[[ Supplied data open ]]

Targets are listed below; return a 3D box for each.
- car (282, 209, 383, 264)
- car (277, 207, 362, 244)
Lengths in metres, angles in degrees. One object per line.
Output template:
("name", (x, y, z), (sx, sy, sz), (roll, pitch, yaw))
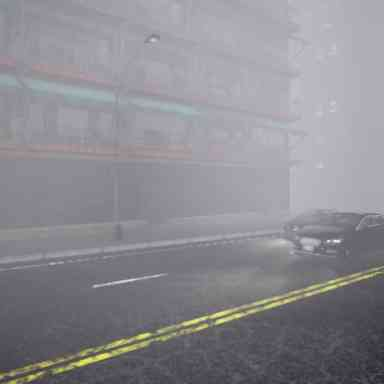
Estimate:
("car", (5.597, 1.470, 11.831), (4.902, 1.511, 2.128), (0, 0, -37))
("car", (6.369, 1.537, 16.457), (4.181, 1.385, 1.994), (0, 0, -37))
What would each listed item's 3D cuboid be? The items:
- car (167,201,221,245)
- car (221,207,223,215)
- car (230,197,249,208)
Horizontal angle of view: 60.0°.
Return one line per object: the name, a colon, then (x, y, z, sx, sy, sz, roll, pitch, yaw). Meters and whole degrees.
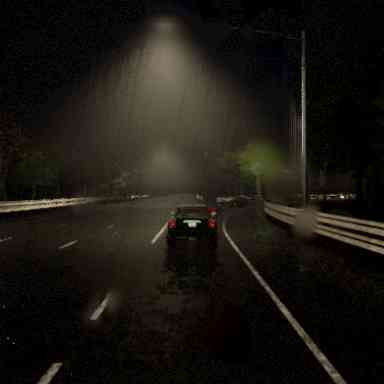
car: (0.070, 1.336, 15.497, 2.097, 1.767, 4.553, 0, 0, 2)
car: (1.656, 1.537, 30.596, 1.994, 1.385, 4.181, 0, 0, 11)
car: (6.847, 1.484, 47.710, 1.812, 1.442, 4.674, 0, 0, 23)
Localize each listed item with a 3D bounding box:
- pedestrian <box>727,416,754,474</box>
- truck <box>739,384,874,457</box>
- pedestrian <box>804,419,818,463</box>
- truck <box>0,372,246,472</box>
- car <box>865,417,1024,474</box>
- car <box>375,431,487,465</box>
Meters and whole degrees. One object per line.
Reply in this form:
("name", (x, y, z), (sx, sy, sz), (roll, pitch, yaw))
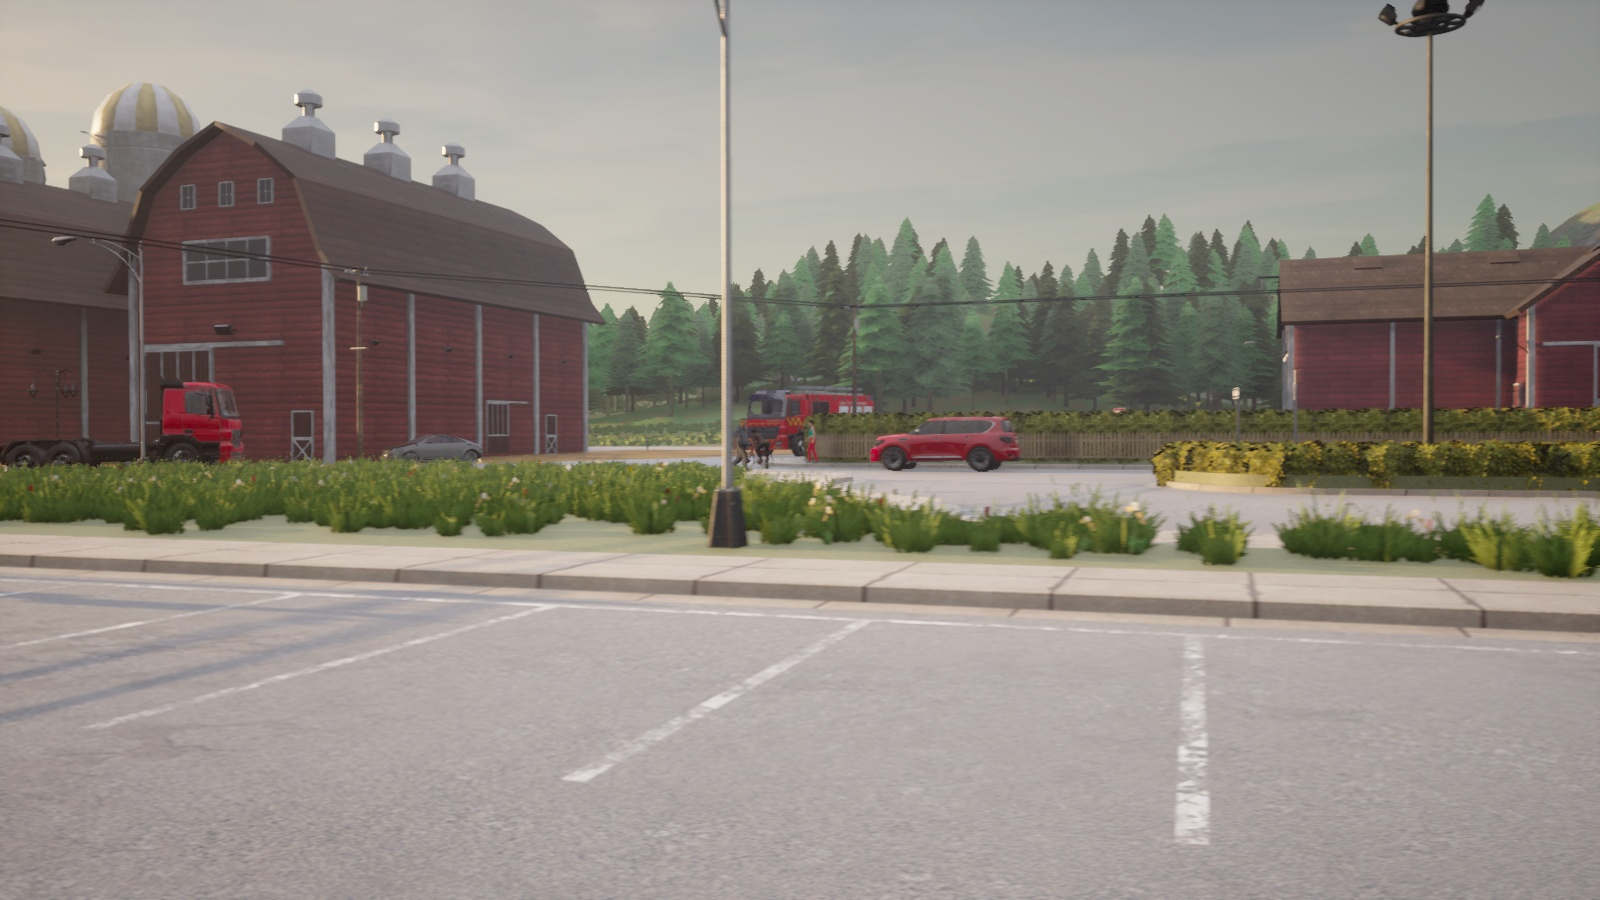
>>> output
("pedestrian", (-1.896, -0.167, 40.045), (0.694, 1.848, 0.540), (1, 1, 37))
("truck", (0.484, -1.606, 69.974), (2.891, 3.827, 8.468), (1, 1, 38))
("pedestrian", (0.467, -0.359, 52.614), (0.594, 1.836, 0.345), (0, 1, 2))
("truck", (-24.702, -1.003, 45.649), (7.936, 3.462, 2.891), (0, 1, -14))
("car", (5.451, -0.189, 47.281), (5.566, 2.045, 2.150), (1, 1, 19))
("car", (-15.927, -0.106, 54.235), (4.181, 1.385, 1.994), (-1, 1, -37))
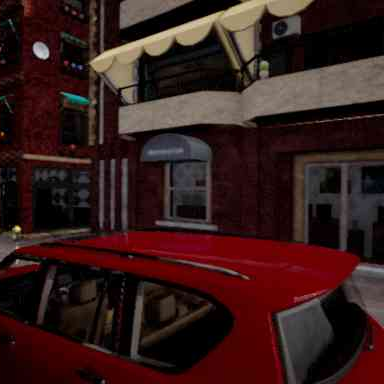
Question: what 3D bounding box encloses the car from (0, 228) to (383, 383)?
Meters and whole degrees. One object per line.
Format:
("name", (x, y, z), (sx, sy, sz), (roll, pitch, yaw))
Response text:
("car", (-0.815, 1.315, 3.288), (5.009, 1.841, 2.192), (0, 1, 36))
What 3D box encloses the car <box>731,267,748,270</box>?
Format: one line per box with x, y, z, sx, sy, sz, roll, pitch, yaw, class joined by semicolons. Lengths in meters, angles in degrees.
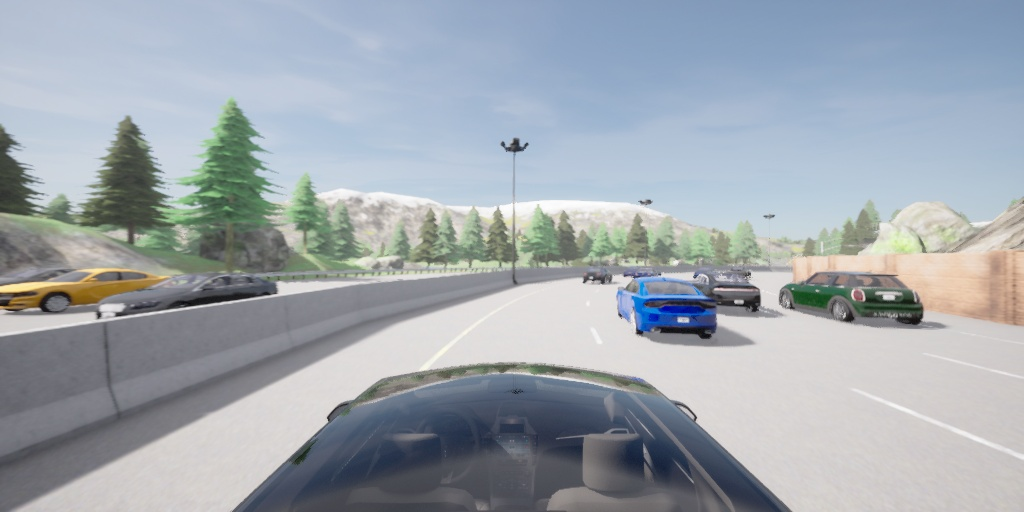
25.154;1.904;39.613;2.128;1.511;4.902;0;-1;40;car

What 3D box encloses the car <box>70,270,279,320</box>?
-9.825;1.279;11.436;2.128;1.511;4.902;0;-1;7;car

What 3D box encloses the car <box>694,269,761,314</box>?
8.778;1.477;15.330;2.128;1.511;4.902;0;-1;13;car

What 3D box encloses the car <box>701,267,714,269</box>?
22.658;1.980;41.654;1.994;1.385;4.181;0;-1;41;car

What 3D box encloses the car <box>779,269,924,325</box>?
12.044;1.338;13.204;2.097;1.767;4.553;1;-1;10;car

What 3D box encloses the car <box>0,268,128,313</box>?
-16.541;1.244;14.240;1.882;1.535;5.008;0;-1;8;car

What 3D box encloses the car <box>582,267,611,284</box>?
7.714;1.707;32.302;1.812;1.442;4.674;0;-1;27;car

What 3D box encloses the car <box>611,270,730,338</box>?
4.382;1.373;10.857;1.882;1.535;5.008;0;-1;8;car

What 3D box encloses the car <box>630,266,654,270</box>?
13.899;1.883;36.497;1.895;1.301;4.718;0;-1;33;car

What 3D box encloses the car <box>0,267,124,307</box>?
-19.939;1.221;15.270;1.994;1.385;4.181;0;-1;9;car
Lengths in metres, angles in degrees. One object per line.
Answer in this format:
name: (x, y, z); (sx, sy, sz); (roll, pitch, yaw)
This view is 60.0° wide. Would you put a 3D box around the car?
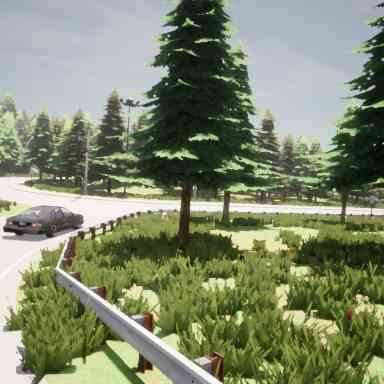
car: (-7.399, 1.412, 17.297); (2.033, 1.411, 5.357); (4, 1, 3)
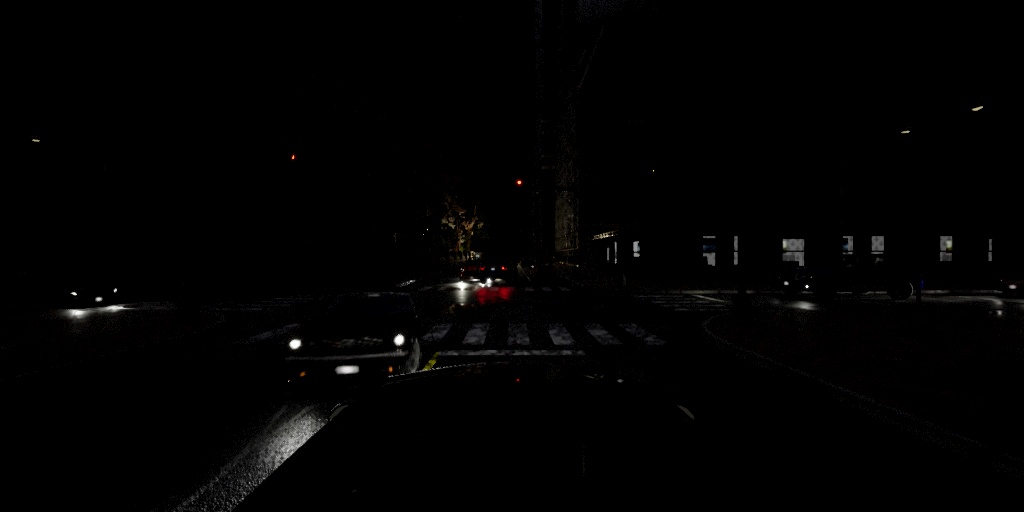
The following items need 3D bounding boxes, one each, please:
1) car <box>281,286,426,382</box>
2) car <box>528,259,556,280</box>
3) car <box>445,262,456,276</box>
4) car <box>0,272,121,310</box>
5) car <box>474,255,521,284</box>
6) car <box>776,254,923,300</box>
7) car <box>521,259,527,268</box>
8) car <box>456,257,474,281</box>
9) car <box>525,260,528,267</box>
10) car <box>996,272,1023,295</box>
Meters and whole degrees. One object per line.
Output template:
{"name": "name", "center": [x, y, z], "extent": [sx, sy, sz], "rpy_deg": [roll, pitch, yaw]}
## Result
{"name": "car", "center": [-2.827, 1.351, 7.395], "extent": [1.895, 1.301, 4.718], "rpy_deg": [0, 0, -11]}
{"name": "car", "center": [2.671, 1.191, 30.826], "extent": [1.967, 1.591, 4.097], "rpy_deg": [0, 0, 0]}
{"name": "car", "center": [-5.714, 1.297, 36.499], "extent": [1.888, 1.381, 4.507], "rpy_deg": [0, 0, 0]}
{"name": "car", "center": [-19.153, 1.343, 14.370], "extent": [5.357, 1.411, 2.033], "rpy_deg": [0, 0, 1]}
{"name": "car", "center": [-0.902, 0.973, 26.787], "extent": [2.150, 2.045, 5.566], "rpy_deg": [0, 0, 8]}
{"name": "car", "center": [15.702, 0.925, 16.863], "extent": [5.566, 2.045, 2.150], "rpy_deg": [0, 0, 1]}
{"name": "car", "center": [2.652, 1.315, 59.232], "extent": [1.948, 1.339, 4.313], "rpy_deg": [0, 0, 0]}
{"name": "car", "center": [-3.119, 1.104, 29.998], "extent": [2.097, 1.767, 4.553], "rpy_deg": [0, 0, 0]}
{"name": "car", "center": [2.667, 1.318, 36.507], "extent": [1.948, 1.339, 4.313], "rpy_deg": [0, 0, 0]}
{"name": "car", "center": [25.777, 1.164, 16.656], "extent": [4.902, 1.511, 2.128], "rpy_deg": [0, 0, 1]}
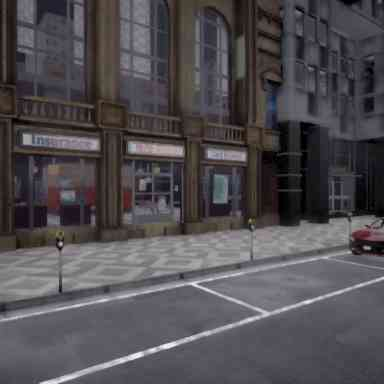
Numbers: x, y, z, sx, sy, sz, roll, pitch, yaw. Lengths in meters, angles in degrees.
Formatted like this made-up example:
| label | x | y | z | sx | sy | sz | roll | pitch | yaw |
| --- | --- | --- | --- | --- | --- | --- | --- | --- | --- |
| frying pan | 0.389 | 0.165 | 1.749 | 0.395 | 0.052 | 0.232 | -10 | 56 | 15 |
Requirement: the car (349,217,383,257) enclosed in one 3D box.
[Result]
| label | x | y | z | sx | sy | sz | roll | pitch | yaw |
| --- | --- | --- | --- | --- | --- | --- | --- | --- | --- |
| car | 7.435 | 1.542 | 11.954 | 4.507 | 1.381 | 1.887 | 0 | 0 | -35 |
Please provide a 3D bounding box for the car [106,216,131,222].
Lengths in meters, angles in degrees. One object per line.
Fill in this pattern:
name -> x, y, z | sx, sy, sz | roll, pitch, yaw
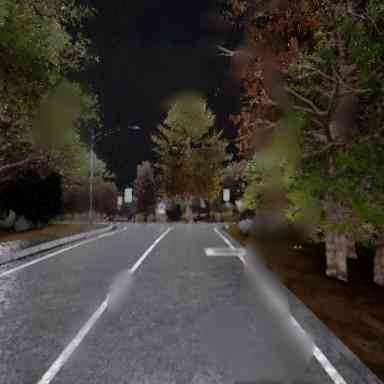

[[ Supplied data closed ]]

Work request –
Produce a word-for-word copy of the records, omitting all images.

Solution for this problem –
Targets are listed below; return a 3D box for each.
- car (282, 209, 383, 264)
- car (277, 207, 362, 244)
Lengths in metres, angles in degrees. One object per line.
Output template:
("name", (x, y, z), (sx, sy, sz), (roll, pitch, yaw))
Estimate:
("car", (5.597, 1.470, 11.831), (4.902, 1.511, 2.128), (0, 0, -37))
("car", (6.369, 1.537, 16.457), (4.181, 1.385, 1.994), (0, 0, -37))
What would each listed item's 3D cuboid be? The items:
- car (167,201,221,245)
- car (221,207,223,215)
- car (230,197,249,208)
Horizontal angle of view: 60.0°.
Return one line per object: the name, a colon, then (x, y, z, sx, sy, sz, roll, pitch, yaw). Meters and whole degrees.
car: (0.070, 1.336, 15.497, 2.097, 1.767, 4.553, 0, 0, 2)
car: (1.656, 1.537, 30.596, 1.994, 1.385, 4.181, 0, 0, 11)
car: (6.847, 1.484, 47.710, 1.812, 1.442, 4.674, 0, 0, 23)
Localize each listed item with a 3D bounding box:
- pedestrian <box>727,416,754,474</box>
- truck <box>739,384,874,457</box>
- pedestrian <box>804,419,818,463</box>
- truck <box>0,372,246,472</box>
- car <box>865,417,1024,474</box>
- car <box>375,431,487,465</box>
Meters and whole degrees. One object per line.
Reply in this form:
("name", (x, y, z), (sx, sy, sz), (roll, pitch, yaw))
>>> output
("pedestrian", (-1.896, -0.167, 40.045), (0.694, 1.848, 0.540), (1, 1, 37))
("truck", (0.484, -1.606, 69.974), (2.891, 3.827, 8.468), (1, 1, 38))
("pedestrian", (0.467, -0.359, 52.614), (0.594, 1.836, 0.345), (0, 1, 2))
("truck", (-24.702, -1.003, 45.649), (7.936, 3.462, 2.891), (0, 1, -14))
("car", (5.451, -0.189, 47.281), (5.566, 2.045, 2.150), (1, 1, 19))
("car", (-15.927, -0.106, 54.235), (4.181, 1.385, 1.994), (-1, 1, -37))
Question: what 3D bounding box encloses the car from (0, 228) to (383, 383)?
Meters and whole degrees. One object per line.
Format:
("name", (x, y, z), (sx, sy, sz), (roll, pitch, yaw))
Response text:
("car", (-0.815, 1.315, 3.288), (5.009, 1.841, 2.192), (0, 1, 36))
What 3D box encloses the car <box>731,267,748,270</box>?
Format: one line per box with x, y, z, sx, sy, sz, roll, pitch, yaw, class joined by semicolons. Lengths in meters, angles in degrees.
25.154;1.904;39.613;2.128;1.511;4.902;0;-1;40;car

What 3D box encloses the car <box>70,270,279,320</box>?
-9.825;1.279;11.436;2.128;1.511;4.902;0;-1;7;car

What 3D box encloses the car <box>694,269,761,314</box>?
8.778;1.477;15.330;2.128;1.511;4.902;0;-1;13;car

What 3D box encloses the car <box>701,267,714,269</box>?
22.658;1.980;41.654;1.994;1.385;4.181;0;-1;41;car

What 3D box encloses the car <box>779,269,924,325</box>?
12.044;1.338;13.204;2.097;1.767;4.553;1;-1;10;car

What 3D box encloses the car <box>0,268,128,313</box>?
-16.541;1.244;14.240;1.882;1.535;5.008;0;-1;8;car

What 3D box encloses the car <box>582,267,611,284</box>?
7.714;1.707;32.302;1.812;1.442;4.674;0;-1;27;car

What 3D box encloses the car <box>611,270,730,338</box>?
4.382;1.373;10.857;1.882;1.535;5.008;0;-1;8;car

What 3D box encloses the car <box>630,266,654,270</box>?
13.899;1.883;36.497;1.895;1.301;4.718;0;-1;33;car

What 3D box encloses the car <box>0,267,124,307</box>?
-19.939;1.221;15.270;1.994;1.385;4.181;0;-1;9;car
Lengths in metres, angles in degrees. One object per line.
Answer in this format:
name: (x, y, z); (sx, sy, sz); (roll, pitch, yaw)
This view is 60.0° wide. Would you put a 3D box around the car?
car: (-7.399, 1.412, 17.297); (2.033, 1.411, 5.357); (4, 1, 3)
The following items need 3D bounding boxes, one each, please:
1) car <box>281,286,426,382</box>
2) car <box>528,259,556,280</box>
3) car <box>445,262,456,276</box>
4) car <box>0,272,121,310</box>
5) car <box>474,255,521,284</box>
6) car <box>776,254,923,300</box>
7) car <box>521,259,527,268</box>
8) car <box>456,257,474,281</box>
9) car <box>525,260,528,267</box>
10) car <box>996,272,1023,295</box>
Meters and whole degrees. One object per line.
Output template:
{"name": "name", "center": [x, y, z], "extent": [sx, sy, sz], "rpy_deg": [roll, pitch, yaw]}
## Result
{"name": "car", "center": [-2.827, 1.351, 7.395], "extent": [1.895, 1.301, 4.718], "rpy_deg": [0, 0, -11]}
{"name": "car", "center": [2.671, 1.191, 30.826], "extent": [1.967, 1.591, 4.097], "rpy_deg": [0, 0, 0]}
{"name": "car", "center": [-5.714, 1.297, 36.499], "extent": [1.888, 1.381, 4.507], "rpy_deg": [0, 0, 0]}
{"name": "car", "center": [-19.153, 1.343, 14.370], "extent": [5.357, 1.411, 2.033], "rpy_deg": [0, 0, 1]}
{"name": "car", "center": [-0.902, 0.973, 26.787], "extent": [2.150, 2.045, 5.566], "rpy_deg": [0, 0, 8]}
{"name": "car", "center": [15.702, 0.925, 16.863], "extent": [5.566, 2.045, 2.150], "rpy_deg": [0, 0, 1]}
{"name": "car", "center": [2.652, 1.315, 59.232], "extent": [1.948, 1.339, 4.313], "rpy_deg": [0, 0, 0]}
{"name": "car", "center": [-3.119, 1.104, 29.998], "extent": [2.097, 1.767, 4.553], "rpy_deg": [0, 0, 0]}
{"name": "car", "center": [2.667, 1.318, 36.507], "extent": [1.948, 1.339, 4.313], "rpy_deg": [0, 0, 0]}
{"name": "car", "center": [25.777, 1.164, 16.656], "extent": [4.902, 1.511, 2.128], "rpy_deg": [0, 0, 1]}
Numbers: x, y, z, sx, sy, sz, roll, pitch, yaw. Lengths in meters, angles in degrees.
Formatted like this made-up example:
| label | x | y | z | sx | sy | sz | roll | pitch | yaw |
| --- | --- | --- | --- | --- | --- | --- | --- | --- | --- |
| frying pan | 0.389 | 0.165 | 1.749 | 0.395 | 0.052 | 0.232 | -10 | 56 | 15 |
Requirement: the car (349,217,383,257) enclosed in one 3D box.
[Result]
| label | x | y | z | sx | sy | sz | roll | pitch | yaw |
| --- | --- | --- | --- | --- | --- | --- | --- | --- | --- |
| car | 7.435 | 1.542 | 11.954 | 4.507 | 1.381 | 1.887 | 0 | 0 | -35 |
Please provide a 3D bounding box for the car [106,216,131,222].
Lengths in meters, angles in degrees. One object per line.
Fill in this pattern:
name -> x, y, z | sx, sy, sz | roll, pitch, yaw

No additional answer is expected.